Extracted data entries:
###

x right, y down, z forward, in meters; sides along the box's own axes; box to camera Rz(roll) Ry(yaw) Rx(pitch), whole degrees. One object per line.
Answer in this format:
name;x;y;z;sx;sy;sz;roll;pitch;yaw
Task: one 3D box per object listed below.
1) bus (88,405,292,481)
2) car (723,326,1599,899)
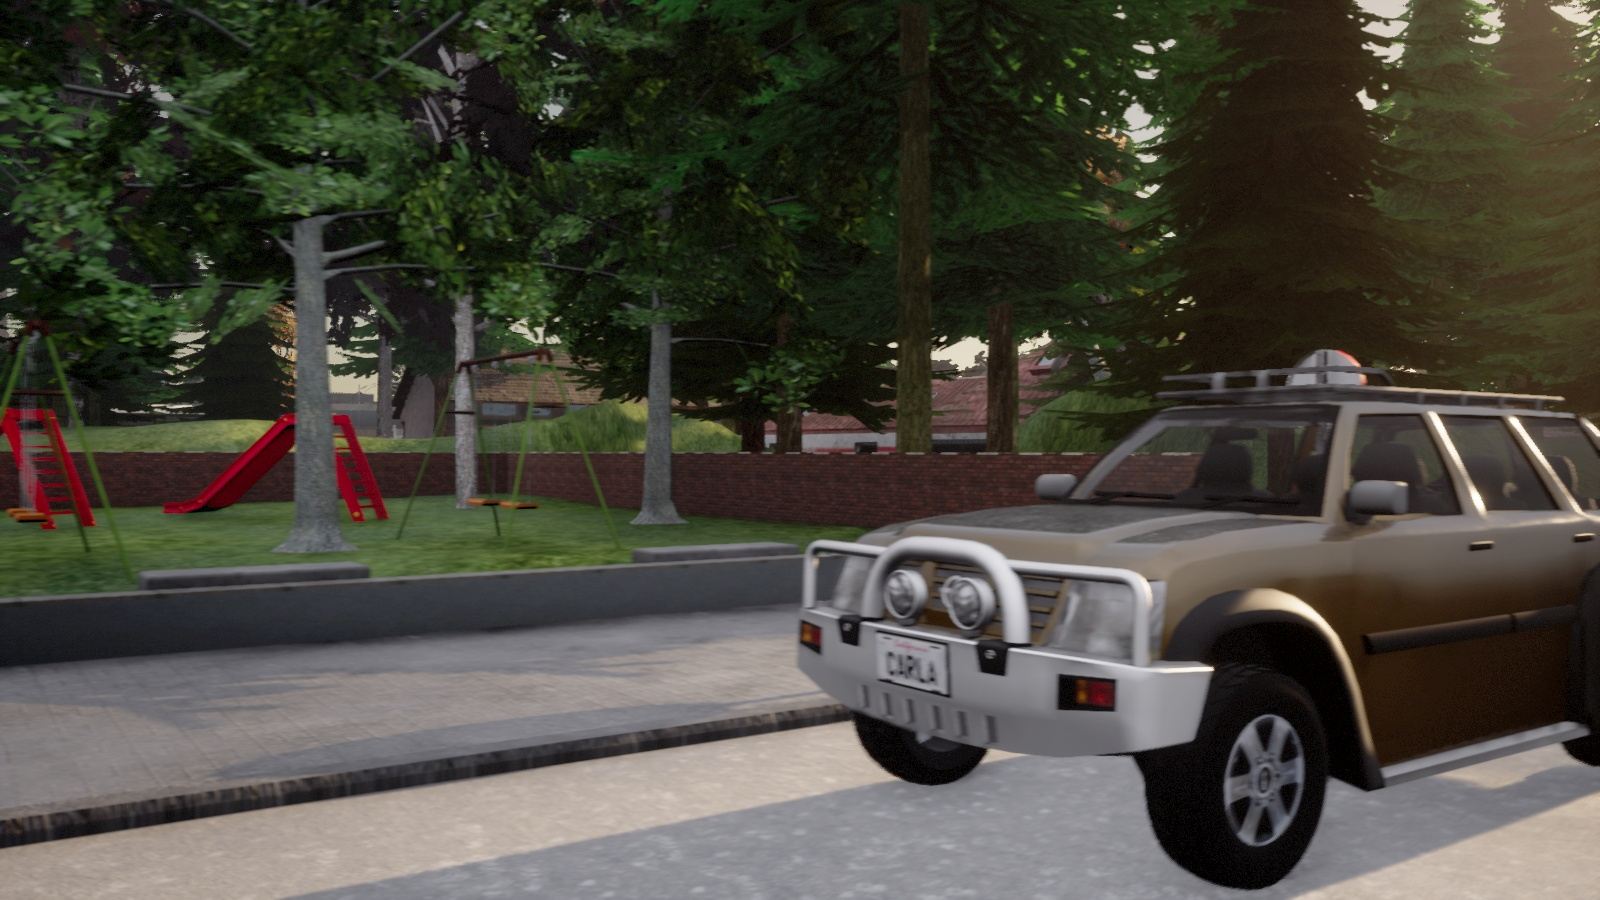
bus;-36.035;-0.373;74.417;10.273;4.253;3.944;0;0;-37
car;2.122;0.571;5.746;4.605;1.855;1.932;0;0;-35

###

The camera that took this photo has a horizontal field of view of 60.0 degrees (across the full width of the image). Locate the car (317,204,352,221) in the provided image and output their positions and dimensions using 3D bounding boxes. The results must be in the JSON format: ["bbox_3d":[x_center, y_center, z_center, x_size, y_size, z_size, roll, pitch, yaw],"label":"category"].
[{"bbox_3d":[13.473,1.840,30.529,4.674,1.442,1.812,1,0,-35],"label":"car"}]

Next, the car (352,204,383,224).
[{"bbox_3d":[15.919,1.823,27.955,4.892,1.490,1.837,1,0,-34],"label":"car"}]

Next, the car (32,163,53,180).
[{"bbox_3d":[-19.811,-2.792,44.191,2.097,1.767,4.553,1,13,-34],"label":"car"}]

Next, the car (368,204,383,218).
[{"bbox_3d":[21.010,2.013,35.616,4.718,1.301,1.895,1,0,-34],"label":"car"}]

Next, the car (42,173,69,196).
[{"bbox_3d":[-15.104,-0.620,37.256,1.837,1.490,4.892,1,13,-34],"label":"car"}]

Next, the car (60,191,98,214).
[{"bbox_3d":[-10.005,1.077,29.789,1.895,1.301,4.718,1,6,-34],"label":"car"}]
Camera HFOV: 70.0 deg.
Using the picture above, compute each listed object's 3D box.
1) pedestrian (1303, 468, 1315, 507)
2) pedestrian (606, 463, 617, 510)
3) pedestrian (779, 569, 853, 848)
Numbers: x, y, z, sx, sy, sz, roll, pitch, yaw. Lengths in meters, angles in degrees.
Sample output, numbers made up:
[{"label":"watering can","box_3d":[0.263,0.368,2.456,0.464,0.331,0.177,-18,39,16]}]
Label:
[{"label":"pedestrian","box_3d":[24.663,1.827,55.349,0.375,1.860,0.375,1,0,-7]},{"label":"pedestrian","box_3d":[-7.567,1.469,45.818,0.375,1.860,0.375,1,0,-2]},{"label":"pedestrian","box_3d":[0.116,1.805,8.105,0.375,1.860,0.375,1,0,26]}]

###

PROBLEM REQUIREMENTS
Scan the data above for the word "meters", then copy every line that holds it.

RESULT
x right, y down, z forward, in meters; sides along the box's own axes; box to camera Rz(roll) Ry(yaw) Rx(pitch), whole degrees. One object per line.
Numbers: x, y, z, sx, sy, sz, roll, pitch, yaw. Lengths in meters, angles in degrees.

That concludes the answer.